This paper was accepted to the 23rd International Workshop on High-Level Parallel Programming Models and Supportive Environments on the 32nd IEEE International Parallel and Distributed Processing Symposium.
Nowadays, high performance computing systems provide a wide range of storage technologies like HDDs, SSDs or network devices. With the introduction of NVRAM, these systems become more heterogeneous and finally provide a complex I/O stack that is challenging to use for applications. However, parallel programs have to efficiently utilize available I/O resources to overcome the scalability problem. Typically, performance analysis tools focus on investigating computation efficiency, executed program paths, and communication patterns. However, these tools only visualize I/O performance information of single layers of the I/O stack. To fully understand the I/O behavior of an application, it is necessary to investigate the interaction between the layers.

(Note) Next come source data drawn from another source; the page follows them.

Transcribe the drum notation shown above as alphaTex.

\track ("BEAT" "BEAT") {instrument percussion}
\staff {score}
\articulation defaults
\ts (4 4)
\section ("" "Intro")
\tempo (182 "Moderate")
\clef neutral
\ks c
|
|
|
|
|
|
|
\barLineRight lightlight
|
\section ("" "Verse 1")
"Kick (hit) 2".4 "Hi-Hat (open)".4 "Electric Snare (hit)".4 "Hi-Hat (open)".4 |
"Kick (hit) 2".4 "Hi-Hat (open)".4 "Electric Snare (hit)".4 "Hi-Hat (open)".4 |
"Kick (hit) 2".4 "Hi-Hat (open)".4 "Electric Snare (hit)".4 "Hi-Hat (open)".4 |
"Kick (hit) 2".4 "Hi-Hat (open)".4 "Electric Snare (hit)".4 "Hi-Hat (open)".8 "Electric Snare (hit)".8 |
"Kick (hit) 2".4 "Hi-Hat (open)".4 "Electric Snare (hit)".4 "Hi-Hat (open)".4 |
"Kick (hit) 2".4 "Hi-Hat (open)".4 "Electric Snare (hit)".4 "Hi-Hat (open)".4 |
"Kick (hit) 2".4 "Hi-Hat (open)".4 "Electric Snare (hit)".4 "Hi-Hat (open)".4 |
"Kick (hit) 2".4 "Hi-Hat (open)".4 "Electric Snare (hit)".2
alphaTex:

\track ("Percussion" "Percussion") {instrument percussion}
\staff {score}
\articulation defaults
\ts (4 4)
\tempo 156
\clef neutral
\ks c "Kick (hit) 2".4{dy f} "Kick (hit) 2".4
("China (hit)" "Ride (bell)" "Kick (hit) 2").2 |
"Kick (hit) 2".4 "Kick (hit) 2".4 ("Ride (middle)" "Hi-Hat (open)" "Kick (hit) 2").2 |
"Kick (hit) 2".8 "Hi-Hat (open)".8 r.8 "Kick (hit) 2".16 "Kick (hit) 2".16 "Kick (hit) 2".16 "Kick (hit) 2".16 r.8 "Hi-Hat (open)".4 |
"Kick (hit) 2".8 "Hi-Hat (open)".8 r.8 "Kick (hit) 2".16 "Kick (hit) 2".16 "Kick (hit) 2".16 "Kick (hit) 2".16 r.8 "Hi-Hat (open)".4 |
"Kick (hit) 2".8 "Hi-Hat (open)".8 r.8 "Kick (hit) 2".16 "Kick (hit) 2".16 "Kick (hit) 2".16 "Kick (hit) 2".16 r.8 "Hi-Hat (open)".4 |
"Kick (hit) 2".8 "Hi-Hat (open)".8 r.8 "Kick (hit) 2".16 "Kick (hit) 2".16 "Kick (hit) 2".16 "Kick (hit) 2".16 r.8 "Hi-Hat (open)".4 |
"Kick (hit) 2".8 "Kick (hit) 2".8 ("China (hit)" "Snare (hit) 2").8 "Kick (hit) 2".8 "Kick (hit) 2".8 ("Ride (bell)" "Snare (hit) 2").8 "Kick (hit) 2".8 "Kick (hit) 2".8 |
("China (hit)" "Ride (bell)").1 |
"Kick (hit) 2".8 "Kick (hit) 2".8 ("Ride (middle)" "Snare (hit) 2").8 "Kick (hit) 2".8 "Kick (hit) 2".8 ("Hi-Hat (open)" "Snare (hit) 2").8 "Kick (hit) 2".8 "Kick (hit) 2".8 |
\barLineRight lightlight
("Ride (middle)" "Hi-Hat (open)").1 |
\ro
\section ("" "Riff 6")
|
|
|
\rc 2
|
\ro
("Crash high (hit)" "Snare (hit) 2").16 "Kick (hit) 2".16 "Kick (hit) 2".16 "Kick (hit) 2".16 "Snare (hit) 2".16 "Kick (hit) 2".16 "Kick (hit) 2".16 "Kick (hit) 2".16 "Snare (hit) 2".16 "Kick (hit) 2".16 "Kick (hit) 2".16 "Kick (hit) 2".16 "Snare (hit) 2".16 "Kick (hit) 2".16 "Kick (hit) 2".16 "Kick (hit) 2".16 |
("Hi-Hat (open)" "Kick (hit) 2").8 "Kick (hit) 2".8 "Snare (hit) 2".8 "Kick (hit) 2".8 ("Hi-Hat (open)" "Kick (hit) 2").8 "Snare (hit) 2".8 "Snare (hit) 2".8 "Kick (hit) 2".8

This work introduces new visualizations of I/O performance events and metrics throughout the complete I/O stack of parallel applications. We implement our approach on the basis of the performance analysis tool Vampir. We extend its timeline visualizations with performance details of I/O operations. Further, we introduce a new timeline view which depicts I/O activities on each layer of the used I/O stack as well as the interaction between layers. This view enables application developers to identify I/O bottlenecks across layers of a complicated I/O stack. We demonstrate our I/O performance visualization approach with a case study of a cloud model simulation code. Thereby, we analyze the I/O behavior in detail, including information of all involved multi-layered I/O libraries.